Why? No idea, although it could have been that Keatinge and Elson were simply too busy doing other things and the series had been rushed in order to capitalize on Thanos’s appearance. Stephen Wacker said as much on Twitter: “For those interested, plans have changed on Thanos. Nothing too dramatic, we just jumped the gun a big. Joe Keatinge and Rich Elson both have projects coming up in the Spidey office that we’ll be announcing soon. They’re bloody great!” A year later, Jason Aaron and Simone Bianchi would come out with their own five-issue mini-series exploring Thanos’s origin called Thanos Rising.
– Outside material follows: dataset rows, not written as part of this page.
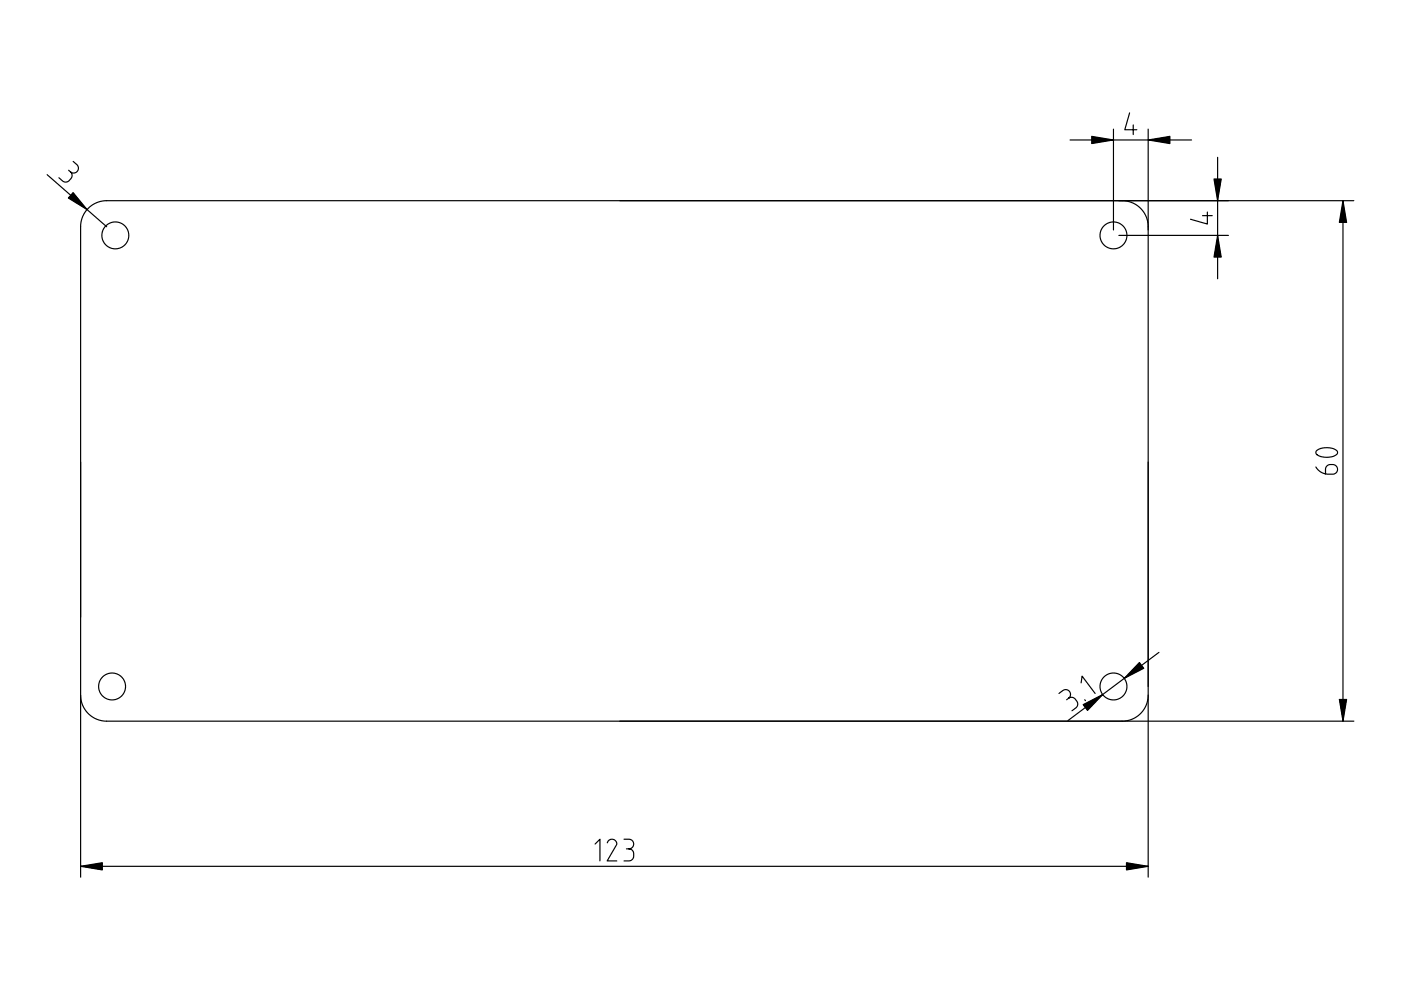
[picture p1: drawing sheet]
<svg xmlns="http://www.w3.org/2000/svg" width="297mm" height="210mm" viewBox="0 0 297 210" stroke-linecap="round" stroke-linejoin="round" font-family="sans-serif">
<g fill="none" stroke="#000" stroke-width=".25">
<path d="M10 37l12.6 11.1M14.6 36.1l.3 .3M15.5 34.2l.8 .7a1.02 1.02 0 0 1 .1 1.4 1.02 1.02 0 0 1-1.5 .1 1.02 1.02 0 0 1 .1 1.5l-.3 .4a1.02 1.02 0 0 1-1.4 .1l-.8-.7M226.9 29.7h25.7M236.1 27.4v21.4M239.5 23.9l-1 3.6h2.5M240.3 26.5v2M243.4 27.4v158.6M258.2 33.4v25.7M237.2 49.9h23.3M237.9 42.6l1.1 .1 1.1 .3 1.7 1.2 1.2 1.8 .4 2.1M255 45.7h2"/>
<path d="M256 45v2.5l-3.6-1M284.7 42.6v110.3M287 42.6h-264.4l-1.3 .1-1.3 .5-1.2 .8-.9 1.2-.6 1.3-.2 1.4v138.1M279 99a3.1 3.1 0 0 0 2.6 1.5h1a1.02 1.02 0 0 0 1-1 1.02 1.02 0 0 0-1-1h-.5a1.02 1.02 0 0 0-1.1 1v1M279.2 95.5a3.9 3.9 0 0 1 4.2 .1 .63 .63 0 0 1-.3 1 3.6 3.6 0 0 1-4.1-.4v-.4zM245.7 138.3l-19.3 14.5M17.1 147.4l.4 2.1 1.2 1.7 1.7 1.2 2.1 .5h264.5M224.5 147l.8-.6a1.02 1.02 0 0 1 1.5 .2 1.02 1.02 0 0 1-.2 1.5 1.02 1.02 0 0 1 1.4 .2l.3 .4a1.02 1.02 0 0 1-.2 1.4l-.8 .6M226.6 148.1l-.4 .3M229.2 144.8l.2-1.5 2.8 3.7M230 148.4l.1 .2M243.4 147.4l-.1 1.1-.3 1-1.2 1.8-1.8 1.2-2.1 .4"/>
<path d="M126.2 179l1-1.1v4.6M128.8 178.7a1 1 0 0 1 1.2-.8 1 1 0 0 1 .7 1.2l-2 3.4h2.1M132.3 177.9h1a1.02 1.02 0 0 1 1.1 1.1 1.02 1.02 0 0 1-1.1 1 1.02 1.02 0 0 1 1.1 1v.5a1.02 1.02 0 0 1-1.1 1h-1M132.8 180h.5M17.1 183.7h226.3"/>
<circle cx="24.5" cy="49.9" r="2.85"/>
<circle cx="236.1" cy="49.9" r="2.85"/>
<circle cx="23.8" cy="145.5" r="2.85"/>
<circle cx="236.1" cy="145.5" r="2.85"/>
</g>
<path d="M231.5 28.9l4.6 .8-4.6 .7zM243.4 29.7l4.6-.8v1.5zM15.5 40.8l3 3.6-4-2.4zM258.2 49.9l.7 4.6h-1.5zM257.4 38h1.5l-.7 4.6zM284.7 42.6l.8 4.6h-1.5zM229.7 149.4l4.1-2.1-3.2 3.3zM241.6 140.5l.9 1.2-4.1 2.1zM284 148.3h1.5l-.8 4.6zM17.1 183.7l4.6-.8v1.5zM238.8 182.9l4.6 .8-4.6 .7z" fill="#000"/>
<path d="M231.5 28.9l4.6 .8-4.6 .7zM243.4 29.7l4.6-.8v1.5zM15.5 40.8l3 3.6-4-2.4zM258.2 49.9l.7 4.6h-1.5zM257.4 38h1.5l-.7 4.6zM284.7 42.6l.8 4.6h-1.5zM229.7 149.4l4.1-2.1-3.2 3.3zM241.6 140.5l.9 1.2-4.1 2.1zM284 148.3h1.5l-.8 4.6zM17.1 183.7l4.6-.8v1.5zM238.8 182.9l4.6 .8-4.6 .7z" fill="#000" stroke="#000" stroke-width=".25"/>
</svg>

Back in 2003, Marvel announced a new MAX mini-series called Deathlok: Detour to be written by Wolverine writer Daniel Way and drawn by Transmetropolitan artist Darick Robertson. It was solicited as followed:
Think the Farrelly Brothers directing The Road Warrior, from the mind of 2000 Xeric Grant Award-winner Daniel Way (Violent Lifestyle). It’s the future. In the barren land formerly known as the USA, crime is the norm, justice is for sale, and security is a fully loaded magnum. And that’s the GOOD news. See, some genius just got the bright idea to resuscitate the killer cyborg known as Deathlok...
However, in November, Marvel cancelled the entire thing.
Why? Well, the rumors had it that the rights to a Deathlok movie had just been bought and they were worried about how a MAX series would look. So, uh, they got cold feet, I guess.